Eggs are laid singly in thin water layers in the soil and are not part of an egg mass. After the first-stage juvenile emerges from the egg there are 4 molts, all of which occur in the soil. A study in Slovakia showed that X.diversicaudutum are capable of developing from egg to adult in approximately 12 weeks at 24 °C. All life stages, excluding eggs, are capable of surviving up to 3 years without a host plant. Females have been documented to live up to 5 years without a host. Eggs do not hatch below 5 °C and typically do not survive the winter.

==Host parasite relationship==
Xiphinema diversicaudatum, like many other species of dagger nematode, has a wide host range, with some of the more extensively studied ones including: strawberries, hops and roses. Other documented hosts include: grapevine, raspberry, apple, asparagus, cabbage, carrot, cherry, red clover, peach. The nematode itself inflicts direct damage to plants roots as it penetrates at its preferred feeding site just behind the root tip. Its long stylet enables it to reach into the vascular system of the plant causing local necrosis and hypertrophy. This feeding action prompts the formation of galls on lateral roots, in turn leading to a stunted root system. Above ground symptoms may not always be present in low-level infections but could include: reduced vigor, and chlorosis of leaves.
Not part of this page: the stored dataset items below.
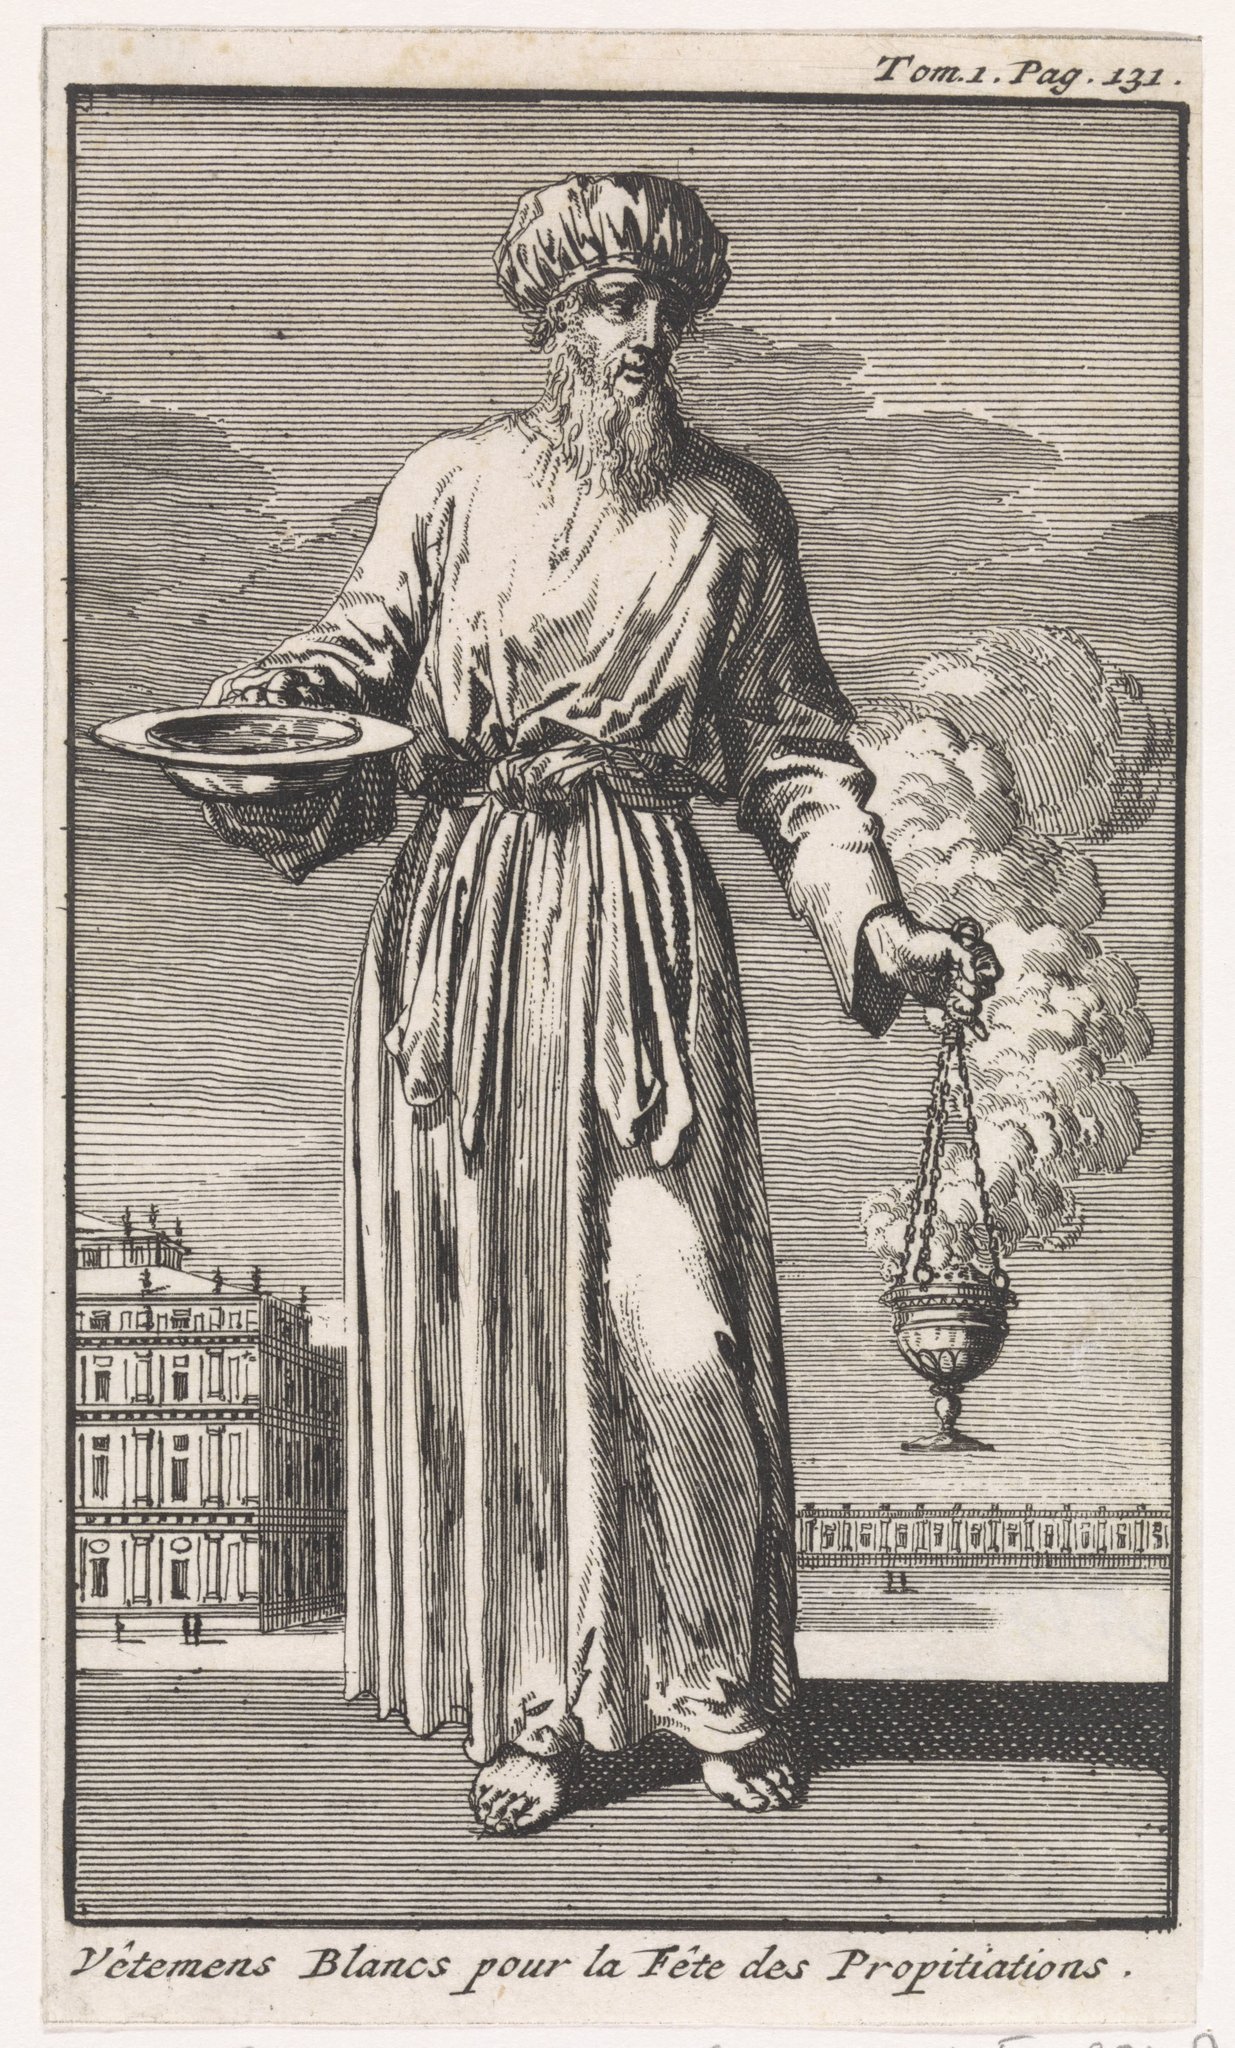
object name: print
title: Hogepriester in witte liturgische kleding behorend bij de Grote Verzoendag
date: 1705
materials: paper
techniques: etching
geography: amsterdam
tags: high priest ~ hierarchy of priests, 'yom kippur', day of atonement
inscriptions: collector's mark: Lugt 2228
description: Illustratie uit: Cunaeus, Petrus. La republique des Hebreux, 3 delen. Amsterdam: Pieter Mortier, 1705, dl. I, p. 131.

 It is often not just the presence of nematodes that is a concern but it is their ability to serve as a virus vector, in this case for the Arabis mosaic virus. The odontophore and esophagus are lined with cuticle, which has been shown to retain virus particles as a monolayer. These particles can then be shed with the cuticular lining as the nematode progresses through its normal life cycle. The vectoring capability of X.diversicaudatum has been shown to be specific to Arabis mosaic virus as no particles were absorbed by the cuticular lining when feeding on plants infected with grapevine fanleaf virus or raspberry ringspot virus. Infection with Arabis mosaic virus on natural hosts includes mosaics, mottling, chlorotic ringspots and sometimes necrosis.

==Management==
The ectoparasitic nature of X.diversicaudatum makes management problematic as the nematode can leave the root at any point in the life cycle and can either re-infect the same crop or migrate to a different one. A long life cycle and wide host range make it seem impractical to utilize fallowing or crop rotation methods.
The use of nematicides such as D-D and methyl bromide at 2 lb./100sq.ft. have been shown to be successful at limiting the numbers of nematodes and therefore limiting the spread of Arabis mosaic virus. A lesser amount of nematicide was shown to be successful if it was applied in the winter months but was less successful if applied in the summer. Nematicide application is economically appropriate on land that will be used to generate high value crops.
Nematicides have, however, been shown in recent years to have a detrimental effect on non-target organisms, including humans, as well as increasing environmental pollution. Modern research ideas are trying to move away from exclusive nematicide use and involve research into biocontrol, e.g. using microbes or other organisms that potentially have antagonistic effects on parasitic nematodes. A study carried out in palm oil plantations in South Sumatra, Indonesia, demonstrated a decline in Xiphinema diversicaudatum populations treated with nematicide and chitin formulation, when compared to nematicide use only.